# Dataset records:
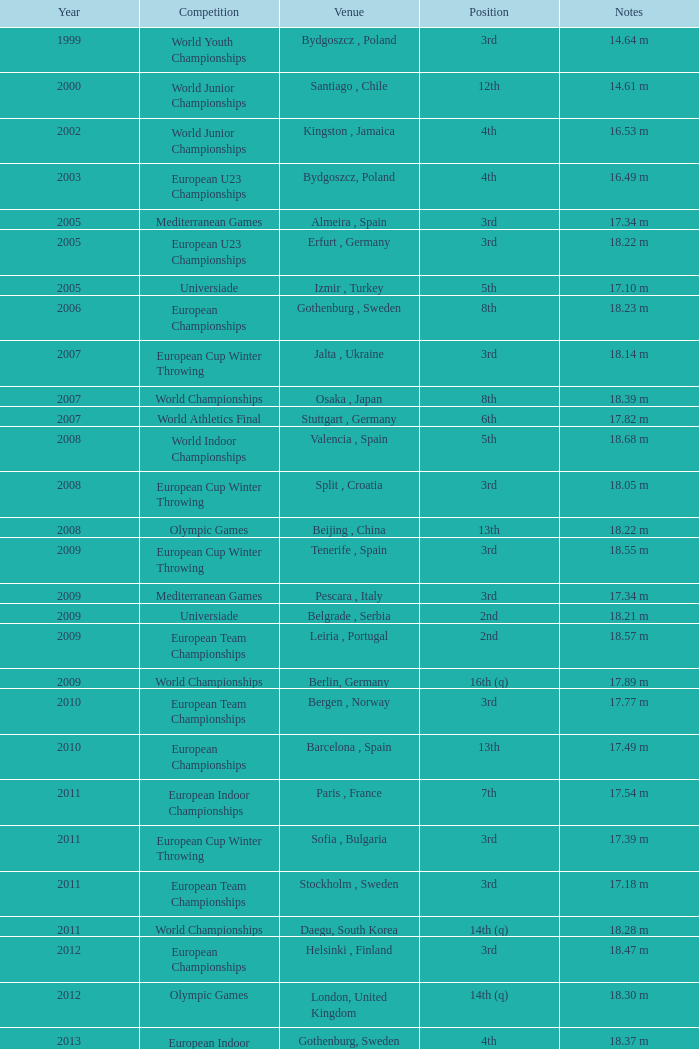Where were the Mediterranean games after 2005? Pescara , Italy. 
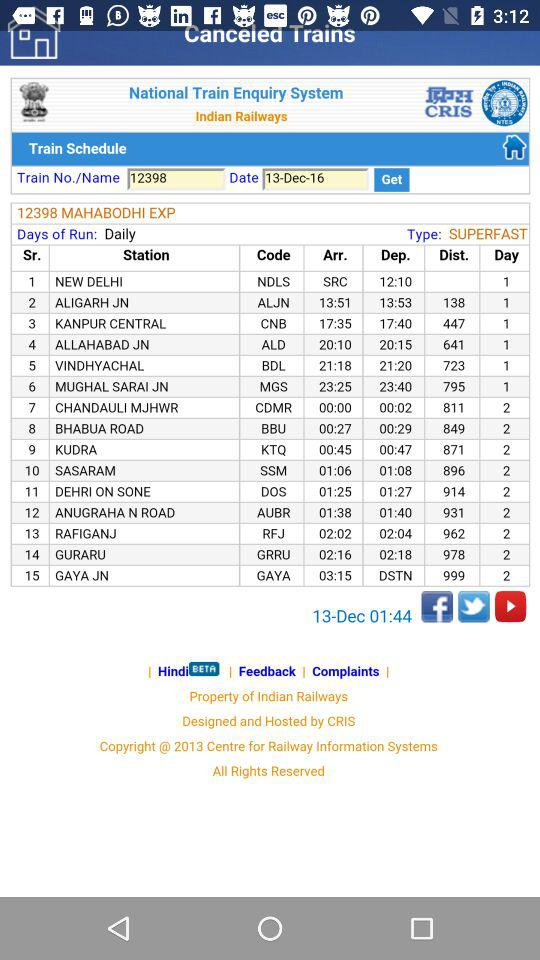What is the distance between "NEW DELHI" and "KANPUR CENTRAL"? The distance between "NEW DELHI" and "KANPUR CENTRAL" is 447. 
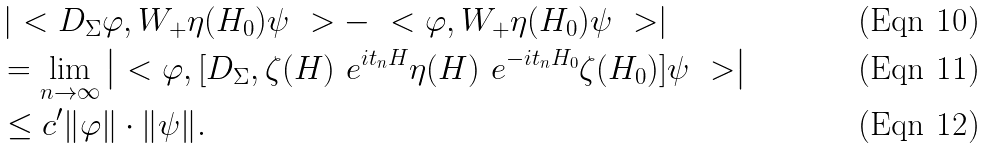<formula> <loc_0><loc_0><loc_500><loc_500>& \left | \ < D _ { \Sigma } \varphi , W _ { + } \eta ( H _ { 0 } ) \psi \ > - \ < \varphi , W _ { + } \eta ( H _ { 0 } ) \psi \ > \right | \\ & = \lim _ { n \to \infty } \left | \ < \varphi , [ D _ { \Sigma } , \zeta ( H ) \ e ^ { i t _ { n } H } \eta ( H ) \ e ^ { - i t _ { n } H _ { 0 } } \zeta ( H _ { 0 } ) ] \psi \ > \right | \\ & \leq c ^ { \prime } \| \varphi \| \cdot \| \psi \| .</formula> 
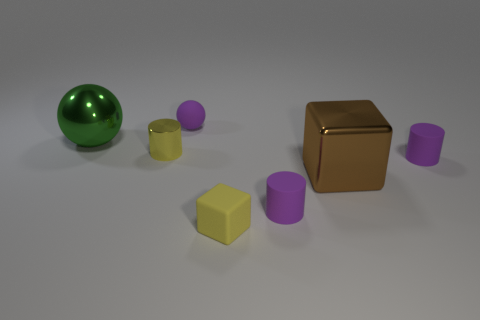Add 3 big green metallic balls. How many objects exist? 10 Subtract all blocks. How many objects are left? 5 Add 4 big green things. How many big green things are left? 5 Add 6 small yellow matte things. How many small yellow matte things exist? 7 Subtract 0 blue cubes. How many objects are left? 7 Subtract all tiny shiny spheres. Subtract all tiny yellow objects. How many objects are left? 5 
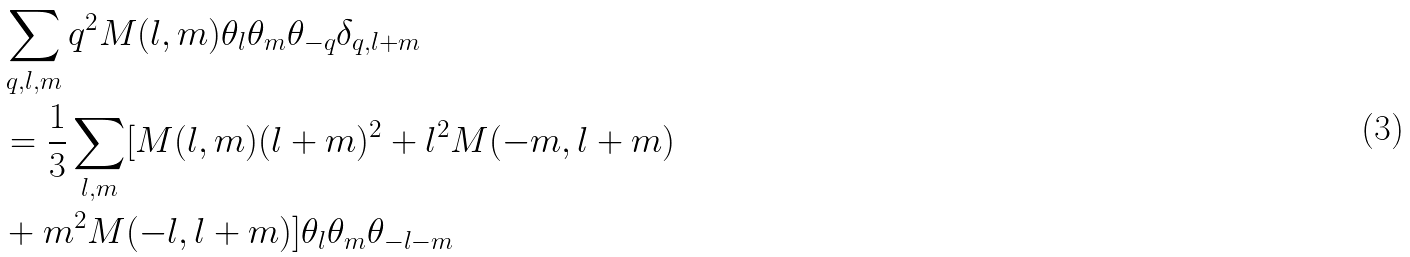<formula> <loc_0><loc_0><loc_500><loc_500>& \sum _ { q , l , m } { q } ^ { 2 } M ( { l } , { m } ) \theta _ { l } \theta _ { m } \theta _ { - { q } } \delta _ { q , l + m } \\ & = \frac { 1 } { 3 } \sum _ { l , m } [ M ( { l } , { m } ) ( { l } + { m } ) ^ { 2 } + { l } ^ { 2 } M ( - { m } , { l } + { m } ) \\ & + { m } ^ { 2 } M ( - { l } , { l } + { m } ) ] \theta _ { l } \theta _ { m } \theta _ { - { l } - { m } }</formula>

# What is needed:
From the line that contains "Add 3 big green" to the last line of the data above, inclusive, transcribe every line exactly and only those lines, omitting pictures.

# Response:
Add 3 big green metallic balls. How many objects exist? 10 Subtract all blocks. How many objects are left? 5 Add 4 big green things. How many big green things are left? 5 Add 6 small yellow matte things. How many small yellow matte things exist? 7 Subtract 0 blue cubes. How many objects are left? 7 Subtract all tiny shiny spheres. Subtract all tiny yellow objects. How many objects are left? 5 
<formula> <loc_0><loc_0><loc_500><loc_500>& \sum _ { q , l , m } { q } ^ { 2 } M ( { l } , { m } ) \theta _ { l } \theta _ { m } \theta _ { - { q } } \delta _ { q , l + m } \\ & = \frac { 1 } { 3 } \sum _ { l , m } [ M ( { l } , { m } ) ( { l } + { m } ) ^ { 2 } + { l } ^ { 2 } M ( - { m } , { l } + { m } ) \\ & + { m } ^ { 2 } M ( - { l } , { l } + { m } ) ] \theta _ { l } \theta _ { m } \theta _ { - { l } - { m } }</formula>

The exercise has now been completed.